Pacientes com IMC ≥ 30 Kg/m2 são considerados obesos; tal situação resulta em alterações fisiológicas, como a redução da complacência pulmonar devido ao acúmulo de gordura; mudanças na posição do diafragma; diminuição da Capacidade Residual Funcional – CRF; e, Capacidade Pulmonar Total – CPT, juntamente com um aumento no trabalho respiratório devido à resistência das vias aéreas e da parede torácica, resultando em maior volume por minuto e elevação da PaCO2. Sobre o suporte respiratório desses pacientes, assinale a afirmativa correta.
- A)Recomenda-se limitar pressão de Platô ≤ 35 cm H2O.
Correta: em obesos ventilados, recomenda-se limitar a pressão de platô em até 35 cm H2O para reduzir risco de lesão pulmonar.

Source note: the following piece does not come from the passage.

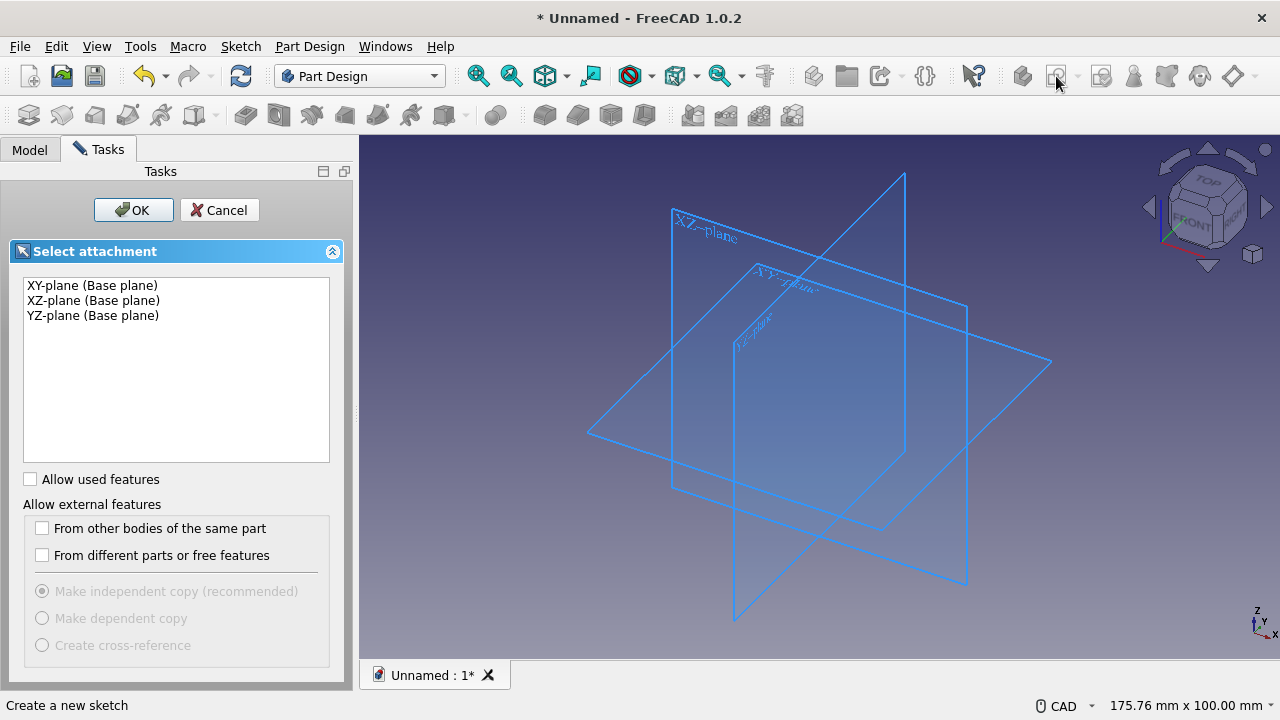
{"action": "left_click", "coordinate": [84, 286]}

- B)Deve-se utilizar um volume corrente de 6 ml/ kg de peso real.
Errada: o volume corrente não deve ser calculado pelo peso real em obesos, e sim por peso predito/ideal, para evitar hiperdistensão.
- C)Não utilizar VNI pós-extubação em obesos com IMC ≥ 40 Kg/m2.

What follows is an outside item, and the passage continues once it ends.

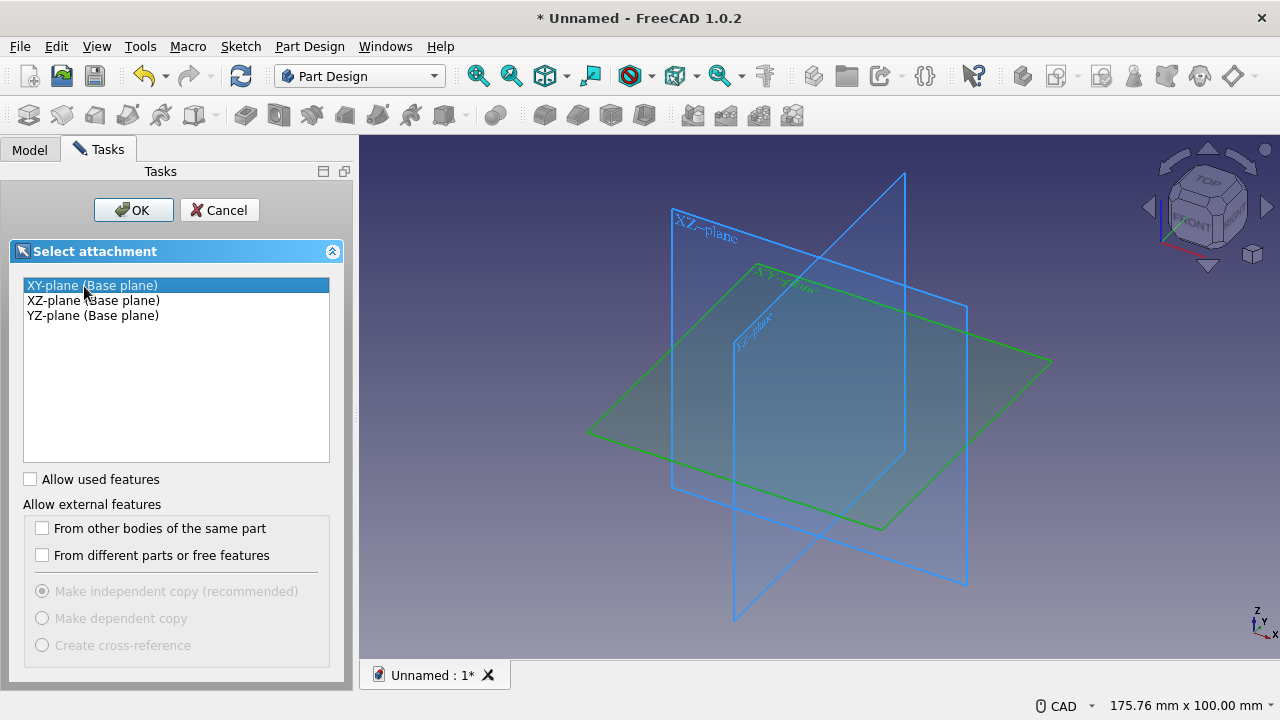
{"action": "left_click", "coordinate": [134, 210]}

Errada: a VNI pós-extubação pode ser benéfica em pacientes obesos, inclusive em grupos de maior risco, ajudando a prevenir falha respiratória.
- D)Não utilizar ventilação Não-Invasiva (VNI) em casos de insuficiência respiratória hipercápnica por não ter efeitos benéficos em obesos.
Errada: a VNI pode trazer benefício na insuficiência respiratória hipercápnica em obesos, não sendo contraindicada por falta de efeito.
Gabarito: A
A obesidade muda bastante a mecânica respiratória: o abdome empurra o diafragma para cima, a complacência cai e a capacidade residual funcional despenca. Resultado prático? O pulmão fica mais "apertado", o trabalho ventilatório aumenta e a ventilação mecânica precisa ser cuidadosa para não gerar lesão por excesso de pressão ou volume. Na ventilação mecânica desses pacientes, a ideia não é sair entregando volume corrente alto porque o tórax pede socorro. Pelo contrário: costuma-se usar estratégia protetora, com volumes mais baixos e atenção rigorosa às pressões de insuflação. Em pacientes obesos, o limite de pressão de platô costuma ser mantido em torno de 35 cm H2O, justamente para reduzir risco de barotrauma e volutrauma. É por isso que a alternativa A está correta. A banca cobra a lógica da ventilação protetora no obeso: pulmão mais vulnerável, pressão monitorada de perto e cuidado com a mecânica alterada. Já dizer que não se deve usar VNI ou que se deve abandonar o suporte não invasivo em hipercapnia é ir contra a prática baseada em evidências, que frequentemente se beneficia da VNI nesses casos. Em resumo: obeso grave não é caso de "encher mais" o pulmão, e sim de ventilar com estratégia, monitorando pressão, volume e resposta clínica. O raciocínio da questão é esse, bem estilo concurso: menos impulso, mais técnica.